Kino Lorber has rescued yet another long-forgotten American International Pictures gem and have given it a proper Blu-ray release. This time, they have opened the HOUSE OF 1000 DOLLS, a 1967 American/European co-production from none other than the ubiquitous Harry Alan Towers.
Starring Vincent Price and Academy Award nominee Martha Hyer (SOME CAME RUNNING), the film was advertised as an expose of the white slavery racket (circa 1967) though this was merely an excuse to conceal the producer's true purpose — another of his potboilers featuring name performers in sexploitation vehicles. Price, by now an AIP regular, and Ms. Hyer, who had made BIKINI BEACH and PYRO for the company, play nightclub illusionists who use their act to hypnotize and kidnap young and attractive audience members who are then transported to a Tangiers Brothel known as “The House of Dolls''. This establishment is the base of operations for a gang of International White Slavers (led by the mysterious ''King of Hearts'') who then ship the indoctrinated girls to fleshpots all over the world. When a magician known as “'The Great Manderville'' (Price) and partner Rebecca (Hyer) grab their latest victim, Diane (none other than Towers’ real-life wife, Maria Rohm, a regular performer in his productions), American tourist Stephen Armstrong (ROBOT MONSTER star George Nader, who was once groomed for stardom in the U.S.) and his British wife Marie (Anne Smyrner, REPTILICUS) are drawn into the plot. Stephen's old friend Fernando (Sancho Gracia, 100 RIFLES), who is also Diane's Fiancée, enlists their help in his search for her, little knowing that by doing so, all three have placed their lives in great danger.

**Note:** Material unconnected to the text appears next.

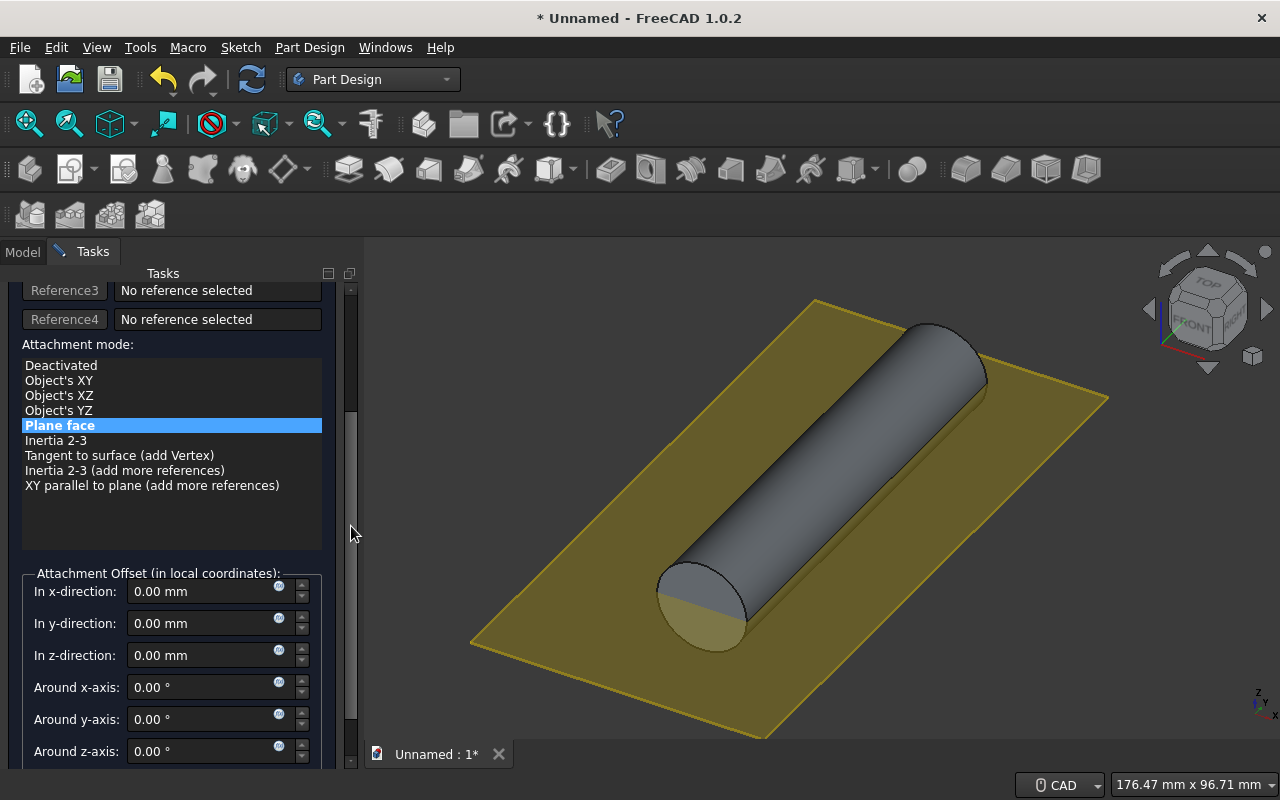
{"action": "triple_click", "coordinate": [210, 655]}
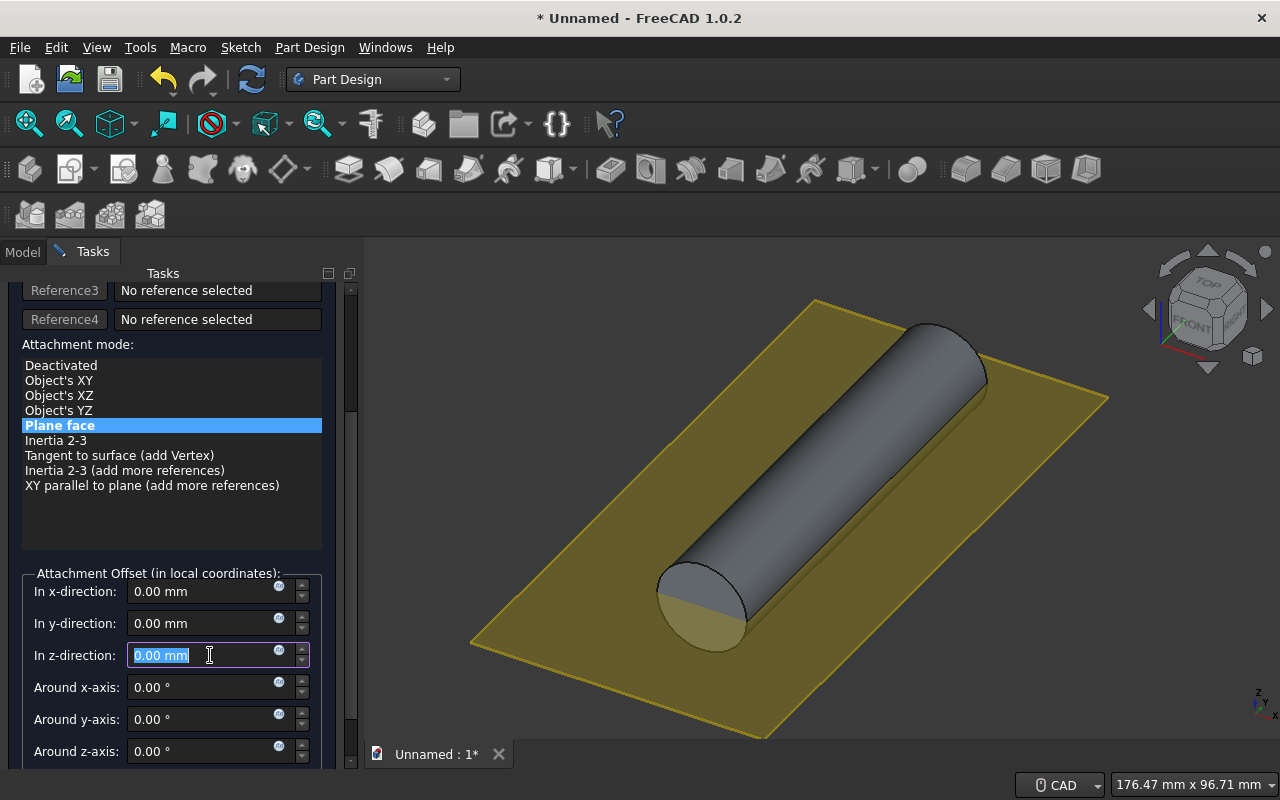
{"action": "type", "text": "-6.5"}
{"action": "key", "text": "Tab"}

Directed by Jeremy Summers (THE VENGEANCE OF FU MANCHU) with a screenplay written by Towers himself (under his usual ''Peter Welbeck'' pseudonym), HOUSE OF 1000 DOLLS is a strange concoction — on the surface, it seems at first to be a mystery thriller with occasional action scenes tossed in for variety. But, according to Price, the filmmakers had other ideas: “What she (Hyer) and I didn't know was, they were making a ‘dirty’' version of the film at the same time. Every day we had off, they'd make a dirty version. We went visiting on the set one day, and there was everyone naked! And they weren't even the same girls!” This probably explains why the movie heads in at least three different directions without really succeeding at any of them. Thanks to the persuasive performances of veterans Price and Hyer, it's not without entertainment value, but those hoping for some risque fun won't find it here.
Though it does boast a collection of International Beauties (most of them, like the majority of the supporting cast, rather crudely dubbed in English) there are only 20 or so, not the titular thousand. The photography is well above average for this sort of project (as is the score by Charles Camellari) and the story does move, if at a rather deliberate pace. So deliberate in fact that the frantic climax and hasty conclusion is almost at odds with the rest of the picture. Still, for those who hang in there until the end, the wrap-up is at least logical, if hardly a surprise. The director does make use of the extra screen space to show off the exotic scenery (it was shot in Spain) and his collection of lovely ''Dolls''. Despite their billing, both Price and Hyer (even more beautiful in the 1960s than she was a decade prior) are merely secondary, leaving most of the intrigue and action scenes in Nader's hands. At least he's up to the task, as is Ms. Smyrner. Herbert Fux (from MARK OF THE DEVIL and LADY FRANKENSTEIN) also appears as a pesty street photographer. Anyone who watches Spanish horror films will recognize Milo Quesada (from CAULDRON OF BLOOD and THE BLOODY JUDGE) as a an early victim, as well as Yelena Samarina (from THE WEREWOLF VS. THE VAMPIRE WOMAN and MURDER MANSION) as the house’s Madame Viera.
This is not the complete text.